Cardiac > Adultdz > Transplant

Cardiac Transplant

- Clinical:

Survival from heart transplant in the modern era is over 90% at 1 year and the 5 year survival is over 80% [4]. The median survival exceeds 10 years [4]. Newly transplanted hearts have chronotropic incompetence due to cardiac denervation [7]. Transplant recipients demonstrate higher resting heart rates due to loss of parasympathetic innervation, yet decreased peak exercise heart rates due to loss of sympathetic tone (and ultimately attenuated exercise induced coronary flow reserve) [7].

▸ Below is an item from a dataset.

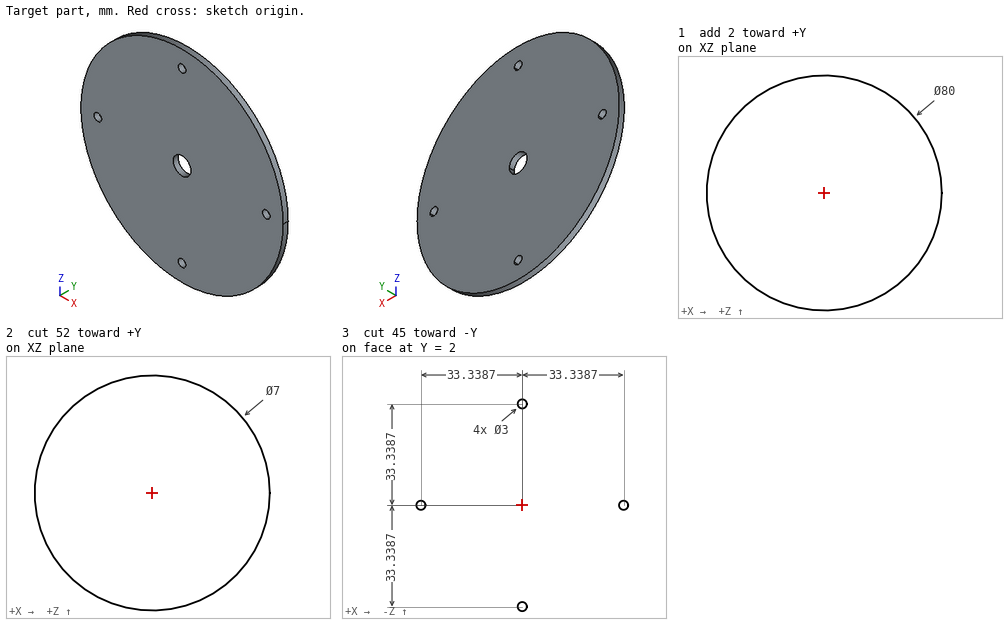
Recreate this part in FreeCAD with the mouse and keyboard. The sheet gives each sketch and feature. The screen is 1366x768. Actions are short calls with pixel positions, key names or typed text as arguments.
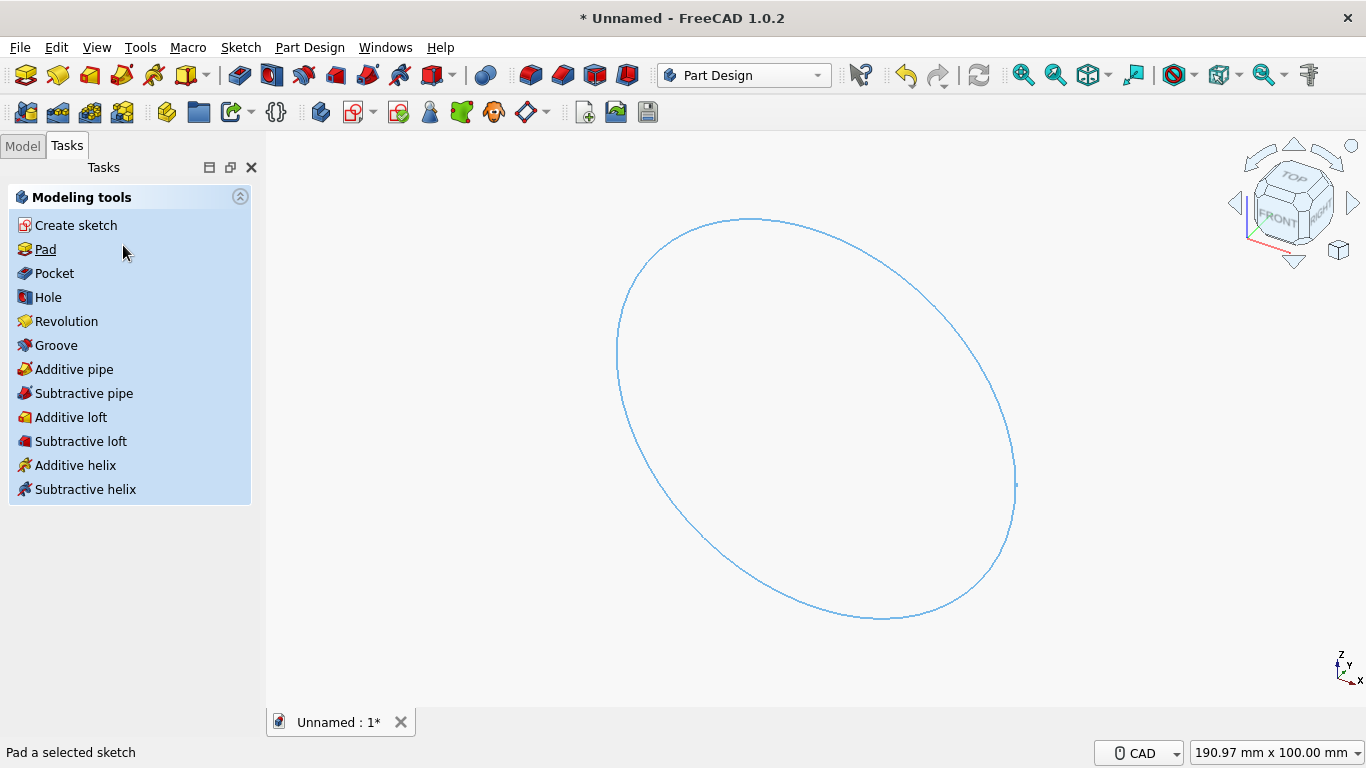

Transplant related complications may be categorized into early (0-30 days), intermediate (1-12 months), and late complications (>12 months) [9].

Complications:

Infection:

Infection is the most common post-transplant complication and can occur the early, intermediate, or late phase [9]. Bacteria account for almost 44% of cases, and in more than half of the infections are due to the gram negative bacteria E. coli and P. aeruginosa, while Staph species are isolated in about a third of cases [9].

CMV infection affects nearly half of transplant recipients in the first year (despite prophylaxis), but the majority of cases are asymptomatic (active infection is seen in only 7.5% of patients) [9]. In patients with active infection, CMV pneumonitis affects 9-11% of patients and has a mortality rate of 14% [9]. CT findings include consolidation, patchy or diffuse ground glass opacities, and centrilobular, tree-in-bud or random micronodules [9].

Graft failure:

Primary graft failure occurs in 2-25% of patients and is the most common cause of death in the first 30 days following transplant (responsible for up to about 40%) [9].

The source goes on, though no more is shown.